4. Overall Questions for whole reading: What do we see and learn about God in this narrative?
- God honors and vindicates Daniel and his friends as they live in allegiance to God.
- God gives favor to his people—even in really difficult circumstances.
- God is the source of wisdom and gives knowledge of all kinds of literature and learning.
- God is sovereign and king over all—even over the seemingly most powerful and abusive kings of the earth.
Questions for application/reflection for our lives: (discuss in smaller groups and pray together):
- What can we learn from this? How is God speaking to you through this scripture?
- Are there ways you identify with an experience of exile or oppression?
- Are there ways you feel that you’re being redefined at your educational institution in ways that aren’t good?
- What might it mean for you to live with integrity, or to resist surrendering your soul while at your educational institution? How could you resolve (set your heart) to not surrender your soul to anyone or anything but God? Example: keeping the Sabbath is a radical, counter-cultural choice of allegiance to God. It’s trusting God for your success in grad school, rather than your own efforts and working 24/7 like everyone else.
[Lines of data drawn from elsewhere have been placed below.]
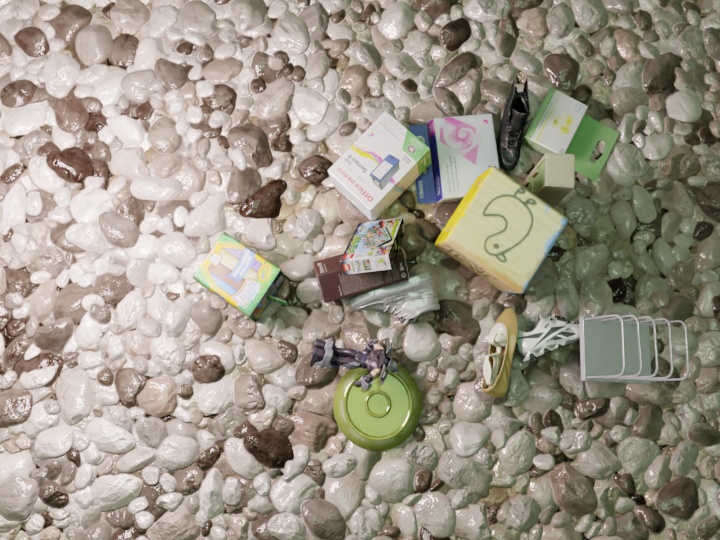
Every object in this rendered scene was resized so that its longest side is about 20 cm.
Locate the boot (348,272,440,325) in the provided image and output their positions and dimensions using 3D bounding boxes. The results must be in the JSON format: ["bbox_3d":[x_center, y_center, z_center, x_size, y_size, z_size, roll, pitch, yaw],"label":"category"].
[{"bbox_3d":[0.079,0.078,1.730,0.198,0.074,0.097,-18,83,0],"label":"boot"}]

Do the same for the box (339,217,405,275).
[{"bbox_3d":[0.030,-0.055,1.686,0.109,0.200,0.035,-7,115,15],"label":"box"}]

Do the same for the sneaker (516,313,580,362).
[{"bbox_3d":[0.438,0.129,1.728,0.198,0.074,0.089,-20,82,-5],"label":"sneaker"}]

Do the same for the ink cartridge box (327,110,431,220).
[{"bbox_3d":[0.044,-0.237,1.771,0.145,0.088,0.200,43,85,15],"label":"ink cartridge box"}]

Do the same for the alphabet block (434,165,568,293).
[{"bbox_3d":[0.301,-0.083,1.685,0.199,0.196,0.196,33,87,-1],"label":"alphabet block"}]

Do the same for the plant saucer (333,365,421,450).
[{"bbox_3d":[0.038,0.296,1.710,0.197,0.031,0.203,0,79,-2],"label":"plant saucer"}]

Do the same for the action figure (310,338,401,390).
[{"bbox_3d":[-0.007,0.195,1.691,0.197,0.070,0.131,11,36,4],"label":"action figure"}]

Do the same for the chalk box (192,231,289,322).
[{"bbox_3d":[-0.247,0.030,1.705,0.199,0.125,0.124,34,80,6],"label":"chalk box"}]

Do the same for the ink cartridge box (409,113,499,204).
[{"bbox_3d":[0.223,-0.262,1.813,0.197,0.043,0.199,-6,80,-4],"label":"ink cartridge box"}]

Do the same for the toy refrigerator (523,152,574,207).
[{"bbox_3d":[0.415,-0.193,1.724,0.069,0.200,0.077,4,80,0],"label":"toy refrigerator"}]

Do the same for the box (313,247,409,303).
[{"bbox_3d":[0.000,0.000,1.720,0.198,0.100,0.076,-17,110,-5],"label":"box"}]

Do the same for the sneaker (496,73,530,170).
[{"bbox_3d":[0.357,-0.343,1.799,0.059,0.104,0.202,8,79,0],"label":"sneaker"}]

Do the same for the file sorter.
[{"bbox_3d":[0.589,0.169,1.663,0.198,0.124,0.141,6,78,-26],"label":"file sorter"}]

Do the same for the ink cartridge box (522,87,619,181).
[{"bbox_3d":[0.502,-0.322,1.829,0.198,0.048,0.147,28,79,6],"label":"ink cartridge box"}]

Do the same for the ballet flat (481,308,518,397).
[{"bbox_3d":[0.307,0.179,1.713,0.062,0.068,0.203,14,78,-33],"label":"ballet flat"}]

- Are there ways we could draw strength from each other by resolving to live for God together?
For Further Study
The source for most of the background history in this series is:
- Daniel: Living With Beastly Empires, course by Dr. Iain Provan at Regent College, Vancouver, BC, May 9-20, 2005. This course is available at the Regent College Bookstore Audio Site: https://www.regentaudio.com/products/daniel-living-with-beastly-empires
About the author:
Kathy Cooper is the Director of Staff Training & Leadership Development for InterVarsity's Graduate & Faculty Ministries, and serves as GFM staff at Brown University Graduate & Medical Schools. She has a B.A. from Yale in American Studies (Literature) and a Masters of Divinity from Regent College (Vancouver). Kathy and her husband Keith live in Providence, RI. All 3 of their daughters are in college this year. She enjoys cooking, reading, walks with the family dog, conversation over a cup of good coffee, and gardening.
Pedro Morales says
I believe the book of Daniel teaches us something very important about the nature of prophetic language. Not only Daniel’s visions but the dreams he interprets consist mostly of symbols. Even he could not interpret these dreams and visions on his own but needed assistance from God or angels. Should we to take that as telling us that the prophetic visions in Revelations cannot be explained by anyone and that we require God’s assistance to understand their meaning?